When the line containing "#13 scooter or similar (1833,601,1919,759)" is found in the data below, copy it and each line after it through the line containing "#24 bicyclist (1249,534,1302,637)", exactly and with no others.

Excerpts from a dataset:
* * *
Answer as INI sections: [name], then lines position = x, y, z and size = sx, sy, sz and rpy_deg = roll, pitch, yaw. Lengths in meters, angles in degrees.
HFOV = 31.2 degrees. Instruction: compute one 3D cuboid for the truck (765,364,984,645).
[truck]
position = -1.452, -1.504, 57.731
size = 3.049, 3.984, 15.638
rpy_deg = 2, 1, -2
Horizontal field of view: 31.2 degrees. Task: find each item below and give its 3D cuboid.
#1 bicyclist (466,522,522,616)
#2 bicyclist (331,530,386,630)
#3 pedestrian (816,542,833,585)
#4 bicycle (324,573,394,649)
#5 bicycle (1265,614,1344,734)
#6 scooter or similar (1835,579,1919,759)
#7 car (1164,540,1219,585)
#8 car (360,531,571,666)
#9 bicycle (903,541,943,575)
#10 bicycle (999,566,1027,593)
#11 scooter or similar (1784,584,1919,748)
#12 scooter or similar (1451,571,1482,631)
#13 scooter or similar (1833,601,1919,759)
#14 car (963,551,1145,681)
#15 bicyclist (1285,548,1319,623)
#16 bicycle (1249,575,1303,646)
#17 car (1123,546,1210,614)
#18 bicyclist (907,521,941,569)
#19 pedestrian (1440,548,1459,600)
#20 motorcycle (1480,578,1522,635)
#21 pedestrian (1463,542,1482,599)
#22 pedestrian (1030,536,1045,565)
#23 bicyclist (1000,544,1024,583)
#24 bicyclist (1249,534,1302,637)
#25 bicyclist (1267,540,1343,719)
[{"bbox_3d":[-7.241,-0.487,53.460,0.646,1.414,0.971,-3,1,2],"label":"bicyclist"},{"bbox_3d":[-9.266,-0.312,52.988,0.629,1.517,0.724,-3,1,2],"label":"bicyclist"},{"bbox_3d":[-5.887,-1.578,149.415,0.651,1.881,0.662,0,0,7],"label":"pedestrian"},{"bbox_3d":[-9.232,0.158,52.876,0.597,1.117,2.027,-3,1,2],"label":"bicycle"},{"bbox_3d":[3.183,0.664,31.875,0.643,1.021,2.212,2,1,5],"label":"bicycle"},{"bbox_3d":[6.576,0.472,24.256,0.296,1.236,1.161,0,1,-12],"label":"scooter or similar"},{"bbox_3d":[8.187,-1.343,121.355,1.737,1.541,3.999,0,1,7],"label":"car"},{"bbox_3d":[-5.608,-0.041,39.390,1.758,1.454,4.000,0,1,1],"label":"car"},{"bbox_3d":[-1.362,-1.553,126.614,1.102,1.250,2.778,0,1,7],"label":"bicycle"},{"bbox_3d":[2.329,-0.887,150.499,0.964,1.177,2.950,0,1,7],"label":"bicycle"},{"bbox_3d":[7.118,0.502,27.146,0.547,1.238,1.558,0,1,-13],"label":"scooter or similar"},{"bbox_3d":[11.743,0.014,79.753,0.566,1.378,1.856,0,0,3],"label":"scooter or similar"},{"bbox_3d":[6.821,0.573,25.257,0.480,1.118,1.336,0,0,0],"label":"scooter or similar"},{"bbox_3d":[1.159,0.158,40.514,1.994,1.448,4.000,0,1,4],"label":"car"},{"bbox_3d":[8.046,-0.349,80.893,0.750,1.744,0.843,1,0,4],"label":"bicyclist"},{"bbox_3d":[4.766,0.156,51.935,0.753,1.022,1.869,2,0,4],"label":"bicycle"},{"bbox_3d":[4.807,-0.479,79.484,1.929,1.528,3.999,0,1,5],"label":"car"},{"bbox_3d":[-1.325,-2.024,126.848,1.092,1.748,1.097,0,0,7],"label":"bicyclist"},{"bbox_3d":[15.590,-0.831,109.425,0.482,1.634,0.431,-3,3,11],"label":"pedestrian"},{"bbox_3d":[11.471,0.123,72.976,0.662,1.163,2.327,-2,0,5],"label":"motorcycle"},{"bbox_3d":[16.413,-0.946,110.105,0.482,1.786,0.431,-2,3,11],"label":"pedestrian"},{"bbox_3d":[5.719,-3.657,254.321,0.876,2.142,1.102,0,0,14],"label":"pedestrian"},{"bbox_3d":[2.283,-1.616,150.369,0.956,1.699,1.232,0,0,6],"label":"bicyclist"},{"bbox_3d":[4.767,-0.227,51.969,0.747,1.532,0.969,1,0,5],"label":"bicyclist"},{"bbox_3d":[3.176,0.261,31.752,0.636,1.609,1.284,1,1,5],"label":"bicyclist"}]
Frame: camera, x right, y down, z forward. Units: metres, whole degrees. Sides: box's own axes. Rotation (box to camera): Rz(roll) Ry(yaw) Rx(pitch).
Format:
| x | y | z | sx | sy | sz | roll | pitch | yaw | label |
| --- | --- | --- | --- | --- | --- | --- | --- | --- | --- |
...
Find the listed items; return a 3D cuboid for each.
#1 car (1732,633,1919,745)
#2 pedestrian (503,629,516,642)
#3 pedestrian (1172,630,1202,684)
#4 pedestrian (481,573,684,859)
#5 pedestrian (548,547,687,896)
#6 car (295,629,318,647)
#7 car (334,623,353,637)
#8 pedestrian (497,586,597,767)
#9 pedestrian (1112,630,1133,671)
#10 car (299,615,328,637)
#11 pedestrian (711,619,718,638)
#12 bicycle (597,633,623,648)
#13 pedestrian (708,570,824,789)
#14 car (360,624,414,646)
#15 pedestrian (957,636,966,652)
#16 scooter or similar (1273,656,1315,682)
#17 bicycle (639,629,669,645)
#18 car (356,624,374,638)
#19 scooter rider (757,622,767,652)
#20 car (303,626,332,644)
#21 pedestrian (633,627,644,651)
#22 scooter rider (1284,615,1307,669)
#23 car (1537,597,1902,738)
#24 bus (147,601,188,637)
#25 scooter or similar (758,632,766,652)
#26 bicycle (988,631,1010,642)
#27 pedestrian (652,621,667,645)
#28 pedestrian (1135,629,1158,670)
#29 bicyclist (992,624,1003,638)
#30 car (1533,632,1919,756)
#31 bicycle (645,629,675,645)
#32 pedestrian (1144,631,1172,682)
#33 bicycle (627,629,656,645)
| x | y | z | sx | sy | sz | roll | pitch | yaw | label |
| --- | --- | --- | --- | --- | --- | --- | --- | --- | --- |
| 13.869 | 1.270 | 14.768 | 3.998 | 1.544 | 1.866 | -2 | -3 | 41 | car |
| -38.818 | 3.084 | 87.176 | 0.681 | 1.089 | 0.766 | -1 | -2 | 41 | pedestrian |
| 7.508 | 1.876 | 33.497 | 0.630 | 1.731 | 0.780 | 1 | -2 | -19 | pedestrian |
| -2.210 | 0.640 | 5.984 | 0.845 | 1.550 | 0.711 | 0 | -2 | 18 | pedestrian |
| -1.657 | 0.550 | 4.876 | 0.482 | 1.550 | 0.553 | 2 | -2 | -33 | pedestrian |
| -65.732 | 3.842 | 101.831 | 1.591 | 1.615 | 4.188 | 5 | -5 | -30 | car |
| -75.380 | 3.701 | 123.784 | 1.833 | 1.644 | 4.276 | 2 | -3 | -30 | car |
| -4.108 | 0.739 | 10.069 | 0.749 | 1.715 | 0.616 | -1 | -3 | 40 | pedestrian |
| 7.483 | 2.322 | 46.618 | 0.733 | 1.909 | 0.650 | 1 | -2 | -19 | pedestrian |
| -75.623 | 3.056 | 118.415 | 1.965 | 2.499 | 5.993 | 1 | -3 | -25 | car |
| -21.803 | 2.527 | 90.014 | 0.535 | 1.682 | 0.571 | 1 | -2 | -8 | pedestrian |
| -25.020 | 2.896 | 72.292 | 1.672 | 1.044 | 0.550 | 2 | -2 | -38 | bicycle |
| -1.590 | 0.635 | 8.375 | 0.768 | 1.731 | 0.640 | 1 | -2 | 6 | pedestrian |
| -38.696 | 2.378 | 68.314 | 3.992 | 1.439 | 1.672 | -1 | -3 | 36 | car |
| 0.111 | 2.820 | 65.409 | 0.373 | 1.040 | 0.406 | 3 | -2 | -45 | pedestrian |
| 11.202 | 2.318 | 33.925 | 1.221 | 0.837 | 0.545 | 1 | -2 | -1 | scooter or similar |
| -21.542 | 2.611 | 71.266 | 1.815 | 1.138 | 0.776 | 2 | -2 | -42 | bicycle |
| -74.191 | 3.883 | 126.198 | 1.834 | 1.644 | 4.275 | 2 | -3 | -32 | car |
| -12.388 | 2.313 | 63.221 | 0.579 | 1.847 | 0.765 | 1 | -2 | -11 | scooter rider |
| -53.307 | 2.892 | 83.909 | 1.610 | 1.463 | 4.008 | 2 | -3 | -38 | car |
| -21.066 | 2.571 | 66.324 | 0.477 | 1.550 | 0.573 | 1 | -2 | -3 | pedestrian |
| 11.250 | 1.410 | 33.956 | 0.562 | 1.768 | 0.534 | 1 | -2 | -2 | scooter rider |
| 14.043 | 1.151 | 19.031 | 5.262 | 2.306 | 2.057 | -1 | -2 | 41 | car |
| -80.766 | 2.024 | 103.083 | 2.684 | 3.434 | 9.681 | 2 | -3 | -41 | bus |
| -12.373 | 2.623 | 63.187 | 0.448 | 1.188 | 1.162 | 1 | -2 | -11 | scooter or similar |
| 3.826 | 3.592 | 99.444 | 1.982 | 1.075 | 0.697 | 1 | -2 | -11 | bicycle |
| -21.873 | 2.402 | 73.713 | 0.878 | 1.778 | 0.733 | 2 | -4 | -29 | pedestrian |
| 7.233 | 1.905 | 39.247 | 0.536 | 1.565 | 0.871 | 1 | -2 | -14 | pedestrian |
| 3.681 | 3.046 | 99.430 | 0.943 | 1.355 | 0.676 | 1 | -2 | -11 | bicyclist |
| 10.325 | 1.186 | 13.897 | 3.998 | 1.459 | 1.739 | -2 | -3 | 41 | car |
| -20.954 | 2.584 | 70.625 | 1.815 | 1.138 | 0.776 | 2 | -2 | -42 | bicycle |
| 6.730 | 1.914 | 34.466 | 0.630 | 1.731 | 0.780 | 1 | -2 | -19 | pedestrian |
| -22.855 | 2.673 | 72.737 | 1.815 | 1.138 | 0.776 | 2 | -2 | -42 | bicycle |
* * *
RESPONSE TO THE EXERCISE
#13 scooter or similar (1833,601,1919,759)
#14 car (963,551,1145,681)
#15 bicyclist (1285,548,1319,623)
#16 bicycle (1249,575,1303,646)
#17 car (1123,546,1210,614)
#18 bicyclist (907,521,941,569)
#19 pedestrian (1440,548,1459,600)
#20 motorcycle (1480,578,1522,635)
#21 pedestrian (1463,542,1482,599)
#22 pedestrian (1030,536,1045,565)
#23 bicyclist (1000,544,1024,583)
#24 bicyclist (1249,534,1302,637)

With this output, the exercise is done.